Background technology
Short text (Short Text) refers to the textual form that those length are short; It has extension widely; Increasing intercommunion platform uses short text more continually, like mobile phone short message, instant message, BBS title, microblogging, online chatting record, blog and news analysis etc.At present, the short text data volume is huge day by day, and the text mining of short text is had wide practical use in fields such as Topic Tracking and discovery, popular word analysis, public sentiment early warning, image retrievals.

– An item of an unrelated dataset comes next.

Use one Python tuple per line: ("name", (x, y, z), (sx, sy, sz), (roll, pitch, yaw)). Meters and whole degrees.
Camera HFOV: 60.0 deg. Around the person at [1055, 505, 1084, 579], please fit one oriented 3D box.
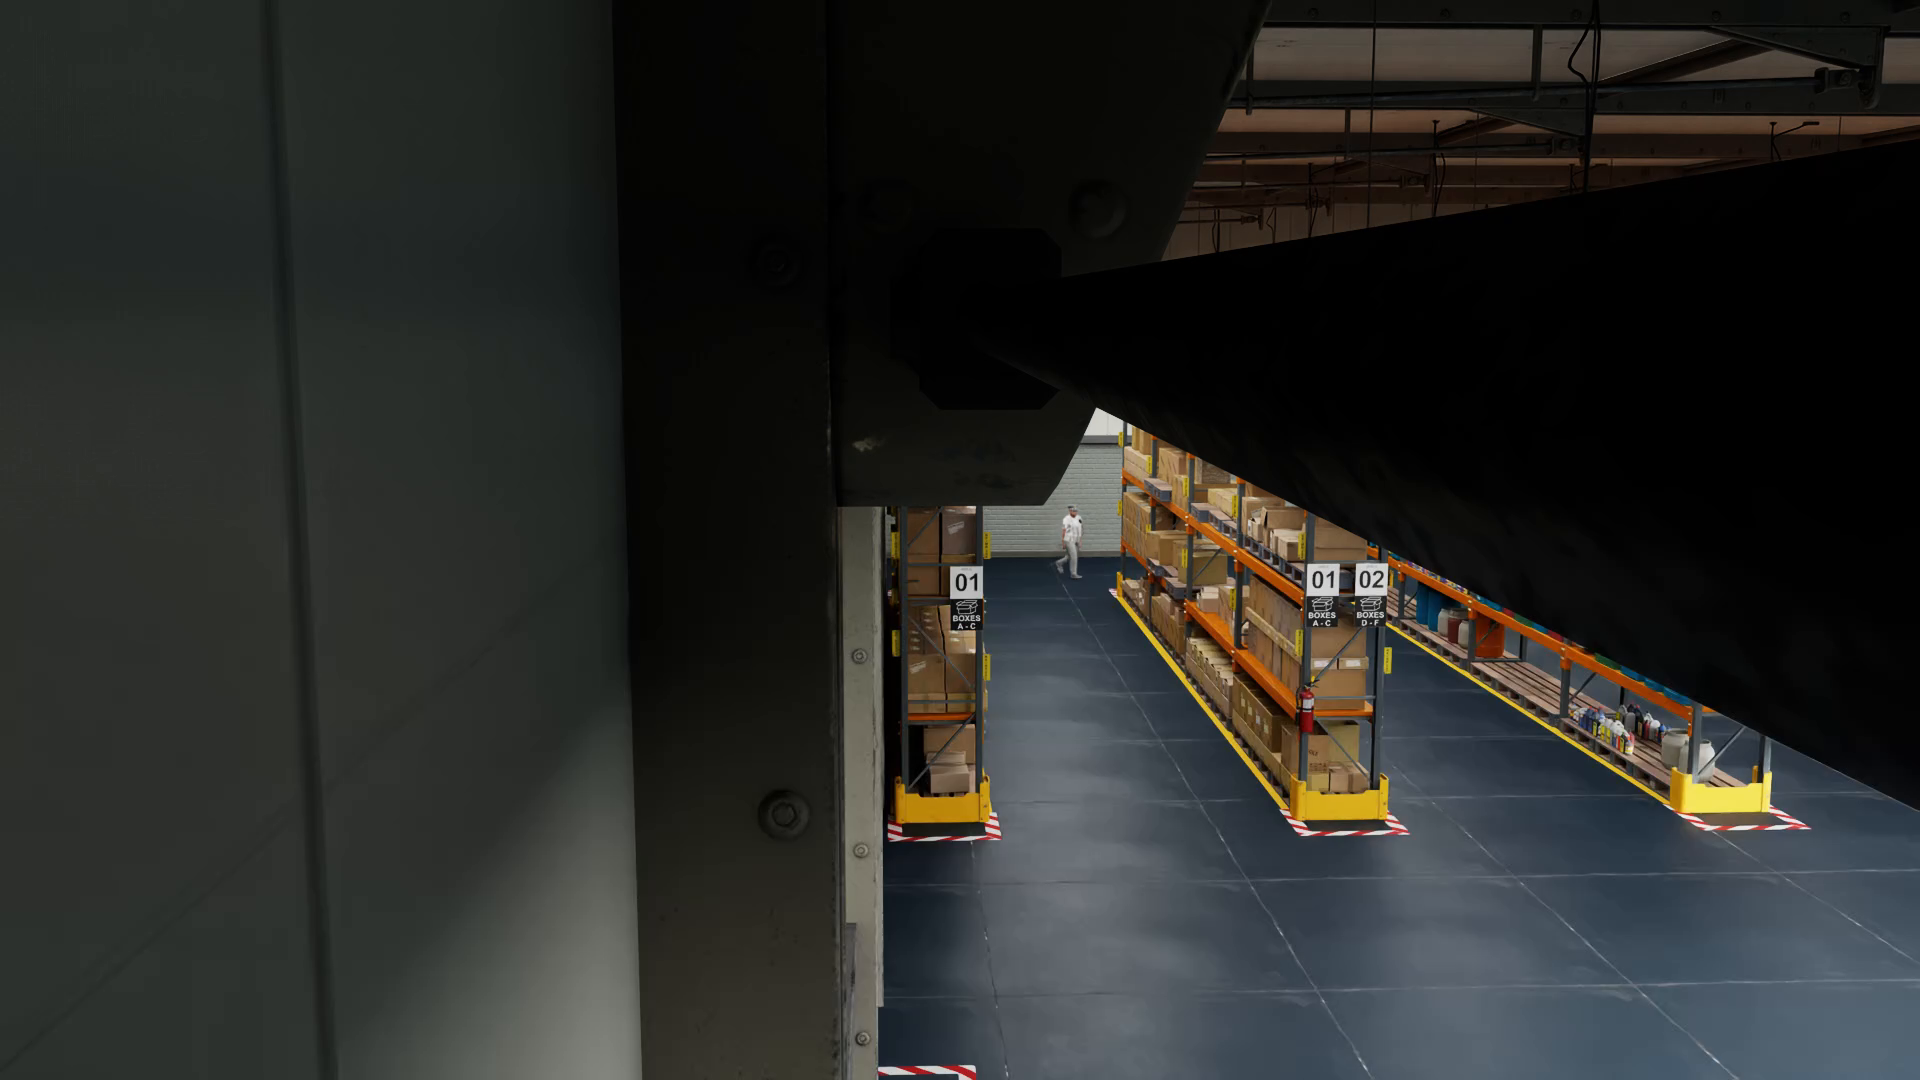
("person", (2.565, 0.005, 38.862), (0.879, 1.723, 0.529), (6, 10, 37))

But, because the text size of short text is short, cause its sample characteristics very sparse, be unfavorable for retrieval analysis.Short text is concise in expression or uses the requirement that does not meet standard in addition, tends to exceed the tradition or the normal literal expression meaning, like popular " microblogging " of network now, usually uses its partials " muffler " to carry out acute pyogenic infection of finger tip in the cyberspeak.The unique language feature of these of short text greatly reduces the precision that the short text similarity is calculated, and is the difficult point that short text excavates so how to improve computational accuracy effectively.
For solving this difficult point, we propose a kind of short text similarity calculating method based on result for retrieval quantity, utilize the characteristics of extensive corpus broad covered area, from semantically understanding the implication of short text.
Summary of the invention
The purpose of this invention is to provide a kind of short text similarity calculating method, can overcome the not enough and nonstandard shortcoming of term of short text self sample characteristics, improve the precision that similarity is calculated through semantic analysis based on result for retrieval quantity.
For realizing above-mentioned purpose, the present invention includes following steps:
(1) short text is carried out pre-service;
(2) combination in twos of pretreated single short text and pretreated short text is submitted to corpus respectively as the retrieval and inquisition speech;
(3) the result for retrieval quantity of utilizing corpus to return is calculated short text similarity between any two.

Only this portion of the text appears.